* [Exercise requirements]: Give back a single number: the count of lines in the data that contain the string "roll".

═══ Material for the task ═══

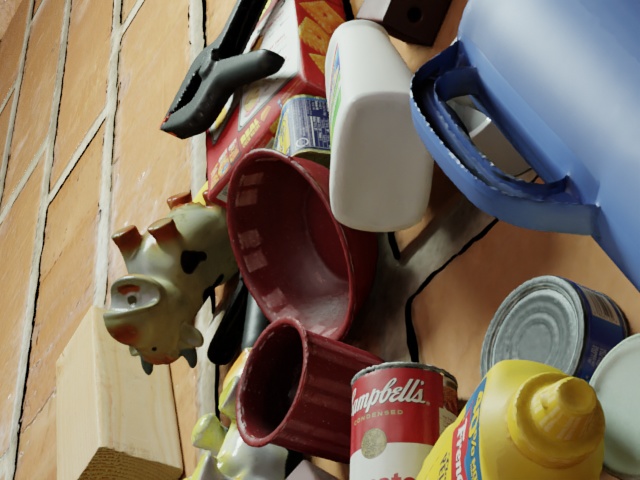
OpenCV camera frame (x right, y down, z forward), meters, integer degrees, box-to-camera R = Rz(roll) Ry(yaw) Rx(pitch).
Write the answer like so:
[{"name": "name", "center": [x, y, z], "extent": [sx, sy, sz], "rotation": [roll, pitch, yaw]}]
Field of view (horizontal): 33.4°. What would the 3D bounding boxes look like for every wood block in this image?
[{"name": "wood block", "center": [-0.204, 0.173, 1.066], "extent": [0.091, 0.090, 0.206], "rotation": [-55, 29, 23]}]

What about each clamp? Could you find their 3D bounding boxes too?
[{"name": "clamp", "center": [-0.056, 0.038, 0.953], "extent": [0.120, 0.039, 0.171], "rotation": [-22, 46, 57]}, {"name": "clamp", "center": [-0.090, -0.172, 1.011], "extent": [0.210, 0.036, 0.164], "rotation": [-38, 37, 45]}]

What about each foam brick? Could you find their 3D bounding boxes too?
[{"name": "foam brick", "center": [0.075, -0.205, 0.875], "extent": [0.051, 0.052, 0.078], "rotation": [29, 97, 63]}]

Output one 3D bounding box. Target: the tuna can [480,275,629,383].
[{"name": "tuna can", "center": [0.129, 0.064, 0.598], "extent": [0.086, 0.033, 0.086], "rotation": [-41, 37, 42]}]

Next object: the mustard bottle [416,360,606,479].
[{"name": "mustard bottle", "center": [0.091, 0.113, 0.518], "extent": [0.192, 0.058, 0.096], "rotation": [107, 173, -58]}]

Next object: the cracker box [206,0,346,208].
[{"name": "cracker box", "center": [-0.040, -0.148, 1.024], "extent": [0.164, 0.072, 0.213], "rotation": [-47, 32, 33]}]

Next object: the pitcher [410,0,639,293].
[{"name": "pitcher", "center": [0.157, -0.049, 0.518], "extent": [0.149, 0.144, 0.243], "rotation": [-52, 34, 23]}]

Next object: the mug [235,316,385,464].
[{"name": "mug", "center": [-0.006, 0.106, 0.761], "extent": [0.093, 0.081, 0.117], "rotation": [-64, 28, 9]}]

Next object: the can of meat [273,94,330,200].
[{"name": "can of meat", "center": [-0.011, -0.059, 0.899], "extent": [0.084, 0.057, 0.102], "rotation": [-97, 18, -47]}]

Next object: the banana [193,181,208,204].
[{"name": "banana", "center": [-0.127, 0.010, 1.107], "extent": [0.070, 0.037, 0.198], "rotation": [8, 78, 45]}]

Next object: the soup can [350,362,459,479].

═══

* [Answer area]: 2